Creating Guidelines for the Use of Gen AI Across Campus

CT: How did you drill down to exactly who needed to be on the task force?

Conatser: That's a good question, because we're a big institution. There are a couple of layers to it. Number one is working with the leadership across the university in a way that embraces our shared governance. We worked with our faculty senate to make sure that we had leadership from that body represented on UK ADVANCE; we worked with our leadership in the colleges to identify the experts on this, whether they're a computer scientist who does work in large language models in our College of Engineering, or somebody who works in digital writing studies who thinks about automated writing and electronic environments. We also combed through our own database of publications and research through our research office to make sure that we have a full sense of who's doing work that touches artificial intelligence. And when we first launched the ADVANCE team, we very publicly had an e-mail address to be in dialogue with folks who would write in and say, "I think so-and-so would be a great addition to the team," or "I'm actually really interested in being a part of this." We would discuss every e-mail as a team, any folks that contacted us, and say, "We think that this person would really represent a critical area of stakeholders at the university that maybe isn't on the team yet."


The size of the ADVANCE team reflects this inclusivity to the point that we are unusually large as a university-level task force. We have over 30 people associated with this team. And that means our meetings are really interesting, because we're getting input from people with a lot of different experiences. Our meetings happen every two weeks over Zoom, and the spirit of the group is that it's an open forum.
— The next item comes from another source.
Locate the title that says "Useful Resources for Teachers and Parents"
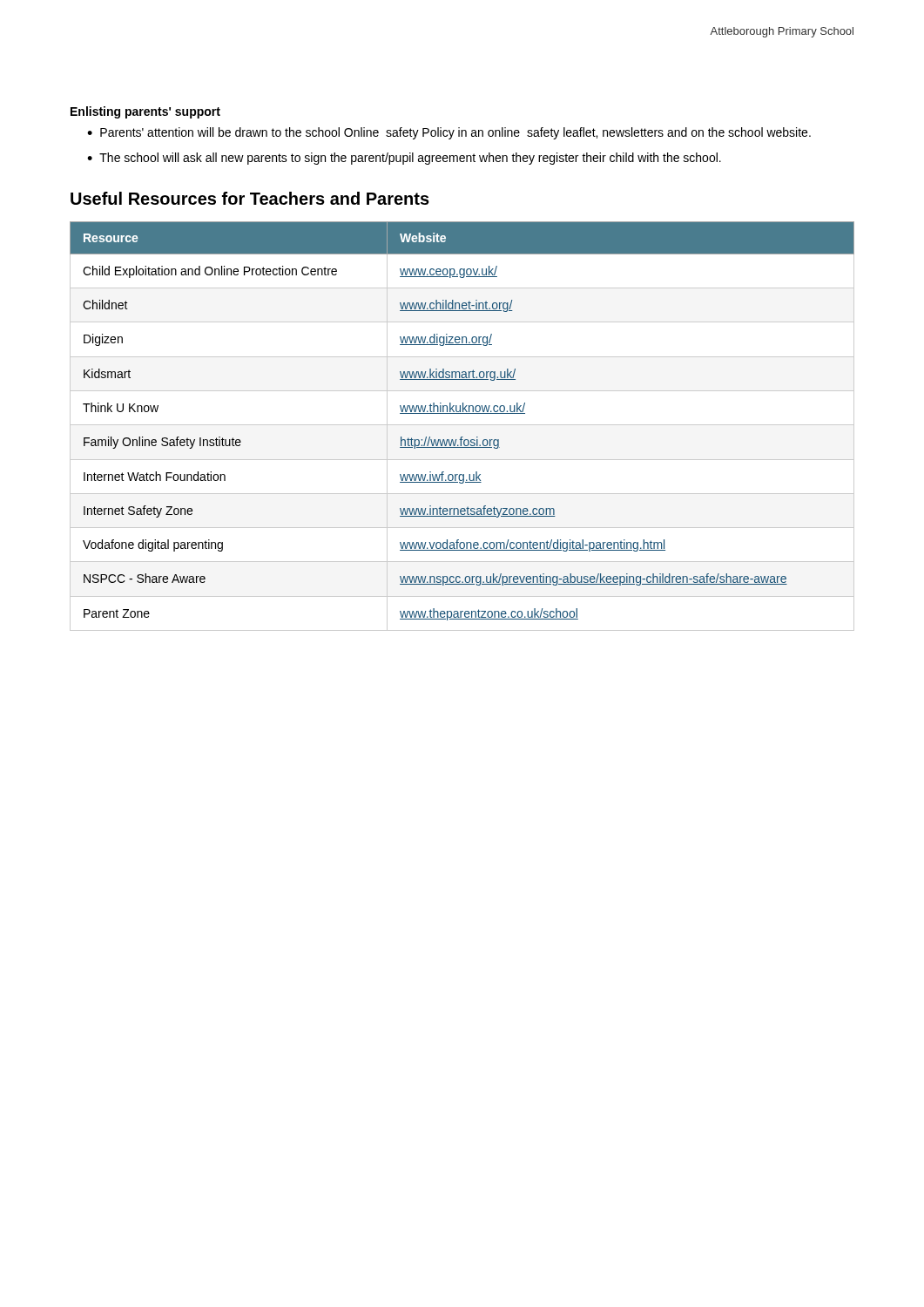 point(250,198)
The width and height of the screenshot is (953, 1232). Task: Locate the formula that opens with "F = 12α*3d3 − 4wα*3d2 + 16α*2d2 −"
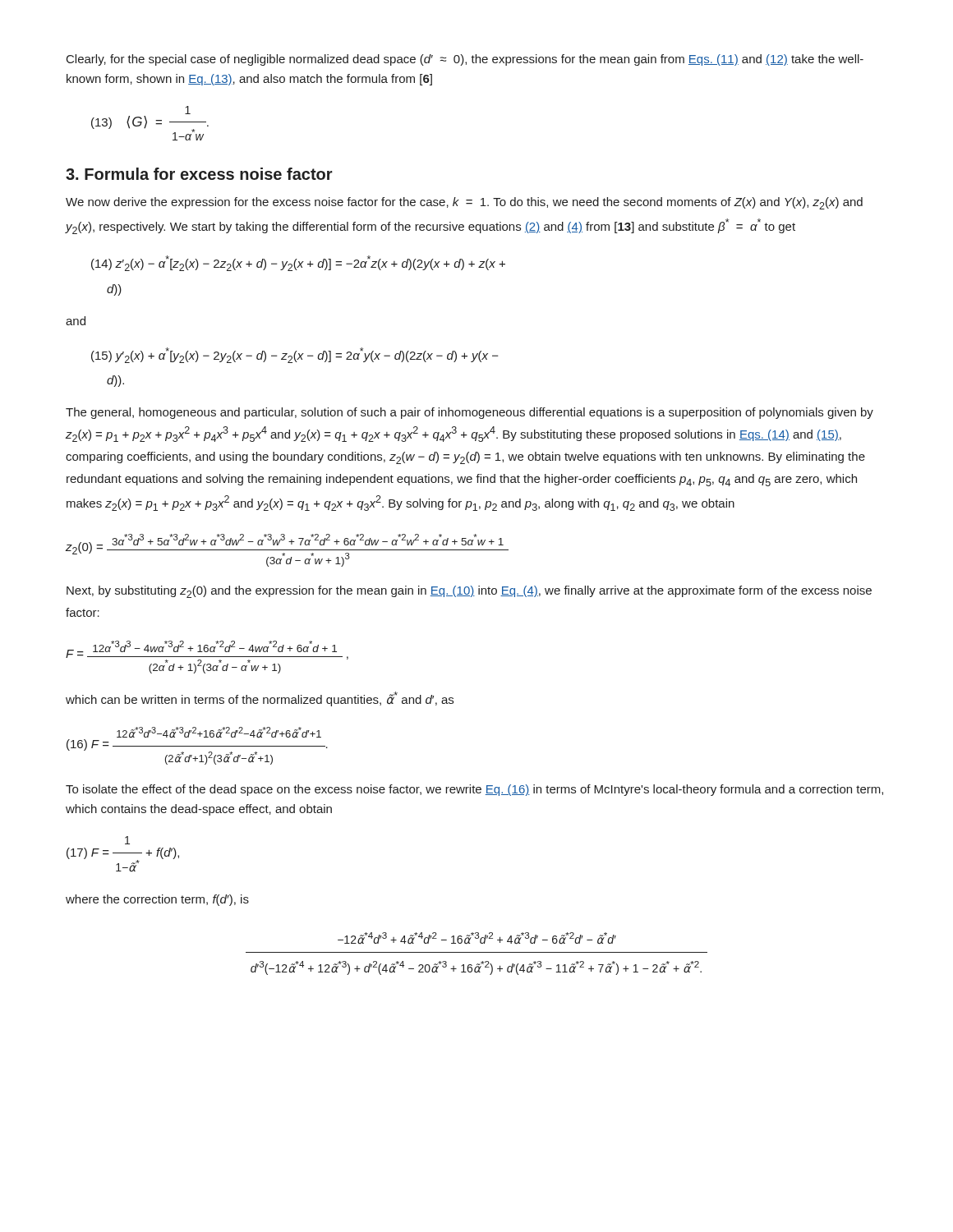coord(207,655)

We have certain agenda items, but we always have time for people to bring up issues that we might need to think about, whether it's resources or training or new developments in AI.

CT: How does the work get done in such a large group? What is the structure like?

Conatser: Depending on the project, we'll identify a small number of people to serve as the leads. That tends to fall along the lines of both academic and institutional expertise. For example, for writing the instructional guidelines, I was one of the primaries on that one because I direct our teaching and learning center. For the research guidelines, I worked with the executive director of our Office of Research Integrity, because that's her provenance here at UK. And we're currently working with a couple of the chief information officers in our UK Healthcare system to work with the clinical care guidelines.

The leads will take ideas and input as we iterate on the drafts of these guidelines, and will keep circulating new drafts among the whole team, get more feedback in that loop, and then iterate some more. Once we get to a point as a team where we're comfortable to start shopping it out, we'll send a draft of the guidelines to different areas. We don't publish it yet — we want to make sure that all our stakeholders get input. So for example, our college leadership will send it to our faculty senate, we'll send it to our Legal office, we'll send it anywhere that would have some useful feedback. We want to be transparent and inclusive, so it's not a top-down kind of thing, but rather the product of a large, representative, transdisciplinary body that's gone through a lot of iterations already.

CT: How did you break down the key areas that the guidelines should cover?

Conatser: One of the first conversations that we had as the ADVANCE team, and one that we have on a regular basis, is that these guidelines are specifically addressing generative AI. Whenever we start sliding into other language like AI and machine learning, we start to talk about a broader category of technologies that researchers, healthcare systems, healthcare providers, etc. have been using for a long time to do the work that they do. Trying to come in and write guidelines around that becomes a very different scenario. So we've been very specific that ADVANCE is focusing on generative AI guidance, and we are careful to define what that is in our guidelines so that everyone knows exactly what we're talking about.